Modules are a dependency-management & versioning abstraction, not a feature-level abstraction. Hence if everything (the library and the binaries) are part of the same product and will be shipped and versioned in a common fashion then they can all be part of the same module without any negative side-effects. Using multiple modules would actually make achieving your goals much harder and your day-to-day development workflows much more complex.
Based on discussion with @bcmills, @jayconrod, @matloob, putting this on hold because we need to think about the higher-level issue of publishing modules at all first. This issue was primarily intended to address publishing a collection of modules taht depend on each other, perhaps in a cycle or perhaps not. That's the problem to solve; reusing the module cache is probably not the right solution.
Placing on hold to come back with a different solution.
Most helpful comment
@rsc It's not fake-publish, it's using your own code, only without forcing people to use github or artifactory in the middle. In the actual "real world" you have lots of situations where roundtripping to the github just to use your own code is not acceptable.

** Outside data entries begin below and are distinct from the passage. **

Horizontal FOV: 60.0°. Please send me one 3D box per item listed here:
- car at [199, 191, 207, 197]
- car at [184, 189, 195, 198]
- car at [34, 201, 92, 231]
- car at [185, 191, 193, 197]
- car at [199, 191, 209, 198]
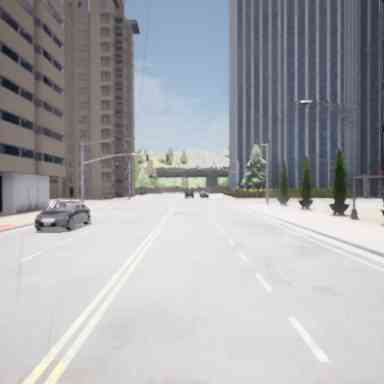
[{"bbox_3d":[2.815,0.472,85.843,1.837,1.490,4.892,0,1,0],"label":"car"},{"bbox_3d":[-0.603,0.380,75.623,2.150,2.045,5.566,0,1,0],"label":"car"},{"bbox_3d":[-7.231,1.305,19.061,2.128,1.511,4.902,0,1,0],"label":"car"},{"bbox_3d":[-0.686,0.569,86.012,1.994,1.385,4.181,0,1,0],"label":"car"},{"bbox_3d":[2.898,0.736,75.651,1.895,1.301,4.718,0,1,0],"label":"car"}]
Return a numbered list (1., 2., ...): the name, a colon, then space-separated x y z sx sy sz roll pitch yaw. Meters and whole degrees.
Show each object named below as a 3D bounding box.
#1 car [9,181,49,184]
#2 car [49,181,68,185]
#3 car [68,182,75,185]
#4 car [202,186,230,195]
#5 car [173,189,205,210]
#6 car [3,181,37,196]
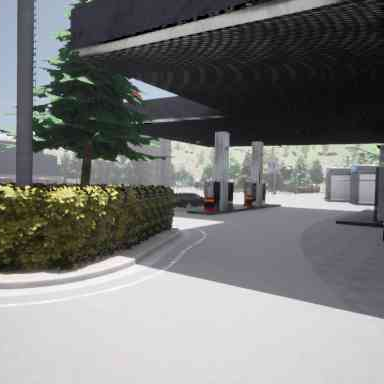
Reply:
1. car: -17.351 -0.184 35.189 3.866 1.878 1.905 2 2 35
2. car: -26.976 -1.264 65.408 3.866 1.878 1.905 2 2 35
3. car: -25.645 -1.289 68.024 4.605 1.855 1.932 2 2 35
4. car: 4.686 -0.310 65.637 5.027 1.636 2.152 2 2 35
5. car: -0.254 0.770 30.150 1.837 1.490 4.892 2 2 35
6. car: -21.902 -0.472 42.394 4.605 1.855 1.932 2 2 35
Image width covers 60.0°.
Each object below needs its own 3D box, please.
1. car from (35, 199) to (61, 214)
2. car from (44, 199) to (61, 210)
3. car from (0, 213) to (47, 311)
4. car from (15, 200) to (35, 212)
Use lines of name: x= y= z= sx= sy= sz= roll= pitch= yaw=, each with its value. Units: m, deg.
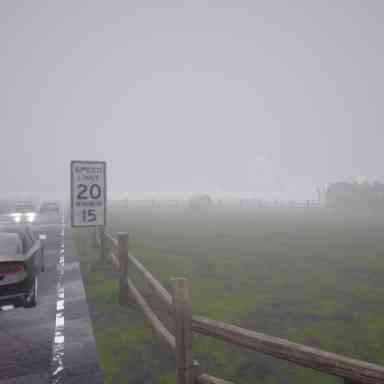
car: x=-15.153 y=1.495 z=35.531 sx=2.128 sy=1.511 sz=4.902 roll=0 pitch=0 yaw=-21
car: x=-18.948 y=1.604 z=45.269 sx=1.895 sy=1.301 sz=4.718 roll=0 pitch=0 yaw=-21
car: x=-4.444 y=1.481 z=7.521 sx=1.882 sy=1.535 sz=5.008 roll=0 pitch=0 yaw=-21
car: x=-19.627 y=1.623 z=39.366 sx=1.895 sy=1.301 sz=4.718 roll=0 pitch=0 yaw=-21
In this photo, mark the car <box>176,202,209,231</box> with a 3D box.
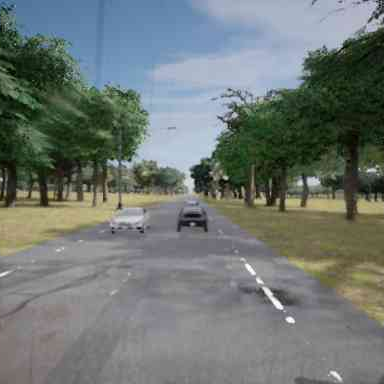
[{"bbox_3d":[0.026,1.603,21.371,1.837,1.490,4.892,0,0,0],"label":"car"}]

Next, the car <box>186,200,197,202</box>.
[{"bbox_3d":[-0.058,1.695,41.534,1.812,1.442,4.674,0,0,0],"label":"car"}]

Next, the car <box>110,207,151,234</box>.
[{"bbox_3d":[-3.567,1.625,19.975,1.812,1.442,4.674,0,0,0],"label":"car"}]

So please make this use case work cleanly without artificial fake publish degradation, or people will just reverse engineer how go mod works and write their own tools you won't be happy with (already starting to, because modules are pushed before the tooling is finished and ready).
When you don't own your cloud like Google, when you don't have fat network pipes, when you have restricted networks because of $expensive and $dangerous factories plugged here, you don't roundtrip to the Internet all the time just because it's cool at home to look youtube videos.
As written in the module FAQ
Greater control means greater control, and people doing the stuff they want with their code without opaque cloud intermediaries.
Besides making access to some remote VCS mandatory just to make use of some code, would make Go instantaneously incompatible with every single free software license out there.